# DATA TO USE
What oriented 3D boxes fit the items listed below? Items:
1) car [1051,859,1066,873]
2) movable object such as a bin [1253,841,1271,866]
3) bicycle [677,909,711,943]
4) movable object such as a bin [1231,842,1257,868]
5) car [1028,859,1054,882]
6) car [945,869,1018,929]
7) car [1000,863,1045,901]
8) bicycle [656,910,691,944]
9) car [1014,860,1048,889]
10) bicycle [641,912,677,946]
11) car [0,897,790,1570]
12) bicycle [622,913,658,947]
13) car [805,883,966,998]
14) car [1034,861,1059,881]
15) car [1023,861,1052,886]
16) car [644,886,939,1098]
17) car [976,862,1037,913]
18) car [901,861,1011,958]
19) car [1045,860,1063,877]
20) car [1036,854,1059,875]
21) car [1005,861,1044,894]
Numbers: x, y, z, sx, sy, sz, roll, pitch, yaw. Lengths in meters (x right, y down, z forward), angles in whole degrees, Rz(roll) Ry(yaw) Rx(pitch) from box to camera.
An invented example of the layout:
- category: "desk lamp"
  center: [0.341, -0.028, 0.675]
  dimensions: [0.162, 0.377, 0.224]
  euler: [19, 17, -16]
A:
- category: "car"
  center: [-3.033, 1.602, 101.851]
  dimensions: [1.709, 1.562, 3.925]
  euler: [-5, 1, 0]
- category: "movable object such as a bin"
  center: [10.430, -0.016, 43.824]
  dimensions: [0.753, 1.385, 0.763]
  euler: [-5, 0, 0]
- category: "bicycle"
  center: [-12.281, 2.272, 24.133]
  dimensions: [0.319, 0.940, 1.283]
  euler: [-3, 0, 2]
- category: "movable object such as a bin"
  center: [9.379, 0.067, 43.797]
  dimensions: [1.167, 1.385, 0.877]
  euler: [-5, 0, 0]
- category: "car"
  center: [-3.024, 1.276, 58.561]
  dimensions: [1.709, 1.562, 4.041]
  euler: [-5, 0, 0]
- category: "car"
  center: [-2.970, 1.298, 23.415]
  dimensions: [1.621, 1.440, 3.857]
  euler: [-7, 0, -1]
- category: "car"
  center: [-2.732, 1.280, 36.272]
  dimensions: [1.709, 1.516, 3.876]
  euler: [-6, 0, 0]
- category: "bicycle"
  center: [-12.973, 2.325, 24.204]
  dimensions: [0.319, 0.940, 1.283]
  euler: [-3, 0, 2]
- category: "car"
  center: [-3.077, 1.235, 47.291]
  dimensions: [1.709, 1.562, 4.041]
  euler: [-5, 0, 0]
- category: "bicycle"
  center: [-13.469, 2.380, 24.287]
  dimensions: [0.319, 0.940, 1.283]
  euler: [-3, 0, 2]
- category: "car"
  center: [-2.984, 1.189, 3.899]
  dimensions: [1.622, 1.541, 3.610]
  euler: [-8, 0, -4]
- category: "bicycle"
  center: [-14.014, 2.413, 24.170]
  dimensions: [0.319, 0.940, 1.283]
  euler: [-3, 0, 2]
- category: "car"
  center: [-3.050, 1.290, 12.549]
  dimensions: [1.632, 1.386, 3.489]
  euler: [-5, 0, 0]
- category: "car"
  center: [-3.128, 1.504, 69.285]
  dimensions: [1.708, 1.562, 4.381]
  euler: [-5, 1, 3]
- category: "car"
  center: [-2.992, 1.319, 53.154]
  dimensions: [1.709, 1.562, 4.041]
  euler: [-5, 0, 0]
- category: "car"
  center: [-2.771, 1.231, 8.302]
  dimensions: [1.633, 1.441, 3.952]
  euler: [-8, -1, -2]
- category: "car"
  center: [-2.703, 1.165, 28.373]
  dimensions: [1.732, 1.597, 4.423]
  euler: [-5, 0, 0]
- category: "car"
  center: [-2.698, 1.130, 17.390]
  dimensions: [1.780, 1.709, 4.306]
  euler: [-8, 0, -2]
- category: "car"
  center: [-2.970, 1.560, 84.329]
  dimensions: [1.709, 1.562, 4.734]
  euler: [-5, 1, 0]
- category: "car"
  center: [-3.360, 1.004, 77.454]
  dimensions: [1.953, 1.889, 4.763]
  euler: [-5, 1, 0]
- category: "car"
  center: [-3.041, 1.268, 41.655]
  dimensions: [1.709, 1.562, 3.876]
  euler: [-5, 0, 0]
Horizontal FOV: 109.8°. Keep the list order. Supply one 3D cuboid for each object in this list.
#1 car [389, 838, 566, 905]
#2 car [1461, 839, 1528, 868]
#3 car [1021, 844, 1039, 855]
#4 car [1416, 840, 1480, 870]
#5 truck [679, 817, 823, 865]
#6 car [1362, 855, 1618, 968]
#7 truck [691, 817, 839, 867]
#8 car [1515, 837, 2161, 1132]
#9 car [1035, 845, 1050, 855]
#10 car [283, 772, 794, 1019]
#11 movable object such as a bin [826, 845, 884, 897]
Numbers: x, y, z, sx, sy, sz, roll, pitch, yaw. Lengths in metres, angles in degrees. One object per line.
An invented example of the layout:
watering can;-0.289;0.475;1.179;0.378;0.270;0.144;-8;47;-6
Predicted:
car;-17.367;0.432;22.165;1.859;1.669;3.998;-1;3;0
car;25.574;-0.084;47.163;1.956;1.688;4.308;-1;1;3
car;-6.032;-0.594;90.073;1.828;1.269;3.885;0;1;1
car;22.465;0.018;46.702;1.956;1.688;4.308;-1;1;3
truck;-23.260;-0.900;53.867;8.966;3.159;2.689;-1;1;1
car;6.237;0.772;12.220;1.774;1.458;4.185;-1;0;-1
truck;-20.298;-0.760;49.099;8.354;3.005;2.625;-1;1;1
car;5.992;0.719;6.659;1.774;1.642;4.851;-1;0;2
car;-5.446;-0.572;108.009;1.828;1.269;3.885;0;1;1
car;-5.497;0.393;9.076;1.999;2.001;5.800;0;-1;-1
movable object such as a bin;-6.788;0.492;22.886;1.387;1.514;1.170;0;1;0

# TRY IT
Reproduce each entry exactly, leaving out nothing.

# WRITTEN ANSWER
What oriented 3D boxes fit the items listed below? Items:
1) car [1051,859,1066,873]
2) movable object such as a bin [1253,841,1271,866]
3) bicycle [677,909,711,943]
4) movable object such as a bin [1231,842,1257,868]
5) car [1028,859,1054,882]
6) car [945,869,1018,929]
7) car [1000,863,1045,901]
8) bicycle [656,910,691,944]
9) car [1014,860,1048,889]
10) bicycle [641,912,677,946]
11) car [0,897,790,1570]
12) bicycle [622,913,658,947]
13) car [805,883,966,998]
14) car [1034,861,1059,881]
15) car [1023,861,1052,886]
16) car [644,886,939,1098]
17) car [976,862,1037,913]
18) car [901,861,1011,958]
19) car [1045,860,1063,877]
20) car [1036,854,1059,875]
21) car [1005,861,1044,894]
Numbers: x, y, z, sx, sy, sz, roll, pitch, yaw. Lengths in meters (x right, y down, z forward), angles in whole degrees, Rz(roll) Ry(yaw) Rx(pitch) from box to camera.
An invented example of the layout:
- category: "desk lamp"
  center: [0.341, -0.028, 0.675]
  dimensions: [0.162, 0.377, 0.224]
  euler: [19, 17, -16]
A:
- category: "car"
  center: [-3.033, 1.602, 101.851]
  dimensions: [1.709, 1.562, 3.925]
  euler: [-5, 1, 0]
- category: "movable object such as a bin"
  center: [10.430, -0.016, 43.824]
  dimensions: [0.753, 1.385, 0.763]
  euler: [-5, 0, 0]
- category: "bicycle"
  center: [-12.281, 2.272, 24.133]
  dimensions: [0.319, 0.940, 1.283]
  euler: [-3, 0, 2]
- category: "movable object such as a bin"
  center: [9.379, 0.067, 43.797]
  dimensions: [1.167, 1.385, 0.877]
  euler: [-5, 0, 0]
- category: "car"
  center: [-3.024, 1.276, 58.561]
  dimensions: [1.709, 1.562, 4.041]
  euler: [-5, 0, 0]
- category: "car"
  center: [-2.970, 1.298, 23.415]
  dimensions: [1.621, 1.440, 3.857]
  euler: [-7, 0, -1]
- category: "car"
  center: [-2.732, 1.280, 36.272]
  dimensions: [1.709, 1.516, 3.876]
  euler: [-6, 0, 0]
- category: "bicycle"
  center: [-12.973, 2.325, 24.204]
  dimensions: [0.319, 0.940, 1.283]
  euler: [-3, 0, 2]
- category: "car"
  center: [-3.077, 1.235, 47.291]
  dimensions: [1.709, 1.562, 4.041]
  euler: [-5, 0, 0]
- category: "bicycle"
  center: [-13.469, 2.380, 24.287]
  dimensions: [0.319, 0.940, 1.283]
  euler: [-3, 0, 2]
- category: "car"
  center: [-2.984, 1.189, 3.899]
  dimensions: [1.622, 1.541, 3.610]
  euler: [-8, 0, -4]
- category: "bicycle"
  center: [-14.014, 2.413, 24.170]
  dimensions: [0.319, 0.940, 1.283]
  euler: [-3, 0, 2]
- category: "car"
  center: [-3.050, 1.290, 12.549]
  dimensions: [1.632, 1.386, 3.489]
  euler: [-5, 0, 0]
- category: "car"
  center: [-3.128, 1.504, 69.285]
  dimensions: [1.708, 1.562, 4.381]
  euler: [-5, 1, 3]
- category: "car"
  center: [-2.992, 1.319, 53.154]
  dimensions: [1.709, 1.562, 4.041]
  euler: [-5, 0, 0]
- category: "car"
  center: [-2.771, 1.231, 8.302]
  dimensions: [1.633, 1.441, 3.952]
  euler: [-8, -1, -2]
- category: "car"
  center: [-2.703, 1.165, 28.373]
  dimensions: [1.732, 1.597, 4.423]
  euler: [-5, 0, 0]
- category: "car"
  center: [-2.698, 1.130, 17.390]
  dimensions: [1.780, 1.709, 4.306]
  euler: [-8, 0, -2]
- category: "car"
  center: [-2.970, 1.560, 84.329]
  dimensions: [1.709, 1.562, 4.734]
  euler: [-5, 1, 0]
- category: "car"
  center: [-3.360, 1.004, 77.454]
  dimensions: [1.953, 1.889, 4.763]
  euler: [-5, 1, 0]
- category: "car"
  center: [-3.041, 1.268, 41.655]
  dimensions: [1.709, 1.562, 3.876]
  euler: [-5, 0, 0]
Horizontal FOV: 109.8°. Keep the list order. Supply one 3D cuboid for each object in this list.
#1 car [389, 838, 566, 905]
#2 car [1461, 839, 1528, 868]
#3 car [1021, 844, 1039, 855]
#4 car [1416, 840, 1480, 870]
#5 truck [679, 817, 823, 865]
#6 car [1362, 855, 1618, 968]
#7 truck [691, 817, 839, 867]
#8 car [1515, 837, 2161, 1132]
#9 car [1035, 845, 1050, 855]
#10 car [283, 772, 794, 1019]
#11 movable object such as a bin [826, 845, 884, 897]
Numbers: x, y, z, sx, sy, sz, roll, pitch, yaw. Lengths in metres, angles in degrees. One object per line.
An invented example of the layout:
watering can;-0.289;0.475;1.179;0.378;0.270;0.144;-8;47;-6
Predicted:
car;-17.367;0.432;22.165;1.859;1.669;3.998;-1;3;0
car;25.574;-0.084;47.163;1.956;1.688;4.308;-1;1;3
car;-6.032;-0.594;90.073;1.828;1.269;3.885;0;1;1
car;22.465;0.018;46.702;1.956;1.688;4.308;-1;1;3
truck;-23.260;-0.900;53.867;8.966;3.159;2.689;-1;1;1
car;6.237;0.772;12.220;1.774;1.458;4.185;-1;0;-1
truck;-20.298;-0.760;49.099;8.354;3.005;2.625;-1;1;1
car;5.992;0.719;6.659;1.774;1.642;4.851;-1;0;2
car;-5.446;-0.572;108.009;1.828;1.269;3.885;0;1;1
car;-5.497;0.393;9.076;1.999;2.001;5.800;0;-1;-1
movable object such as a bin;-6.788;0.492;22.886;1.387;1.514;1.170;0;1;0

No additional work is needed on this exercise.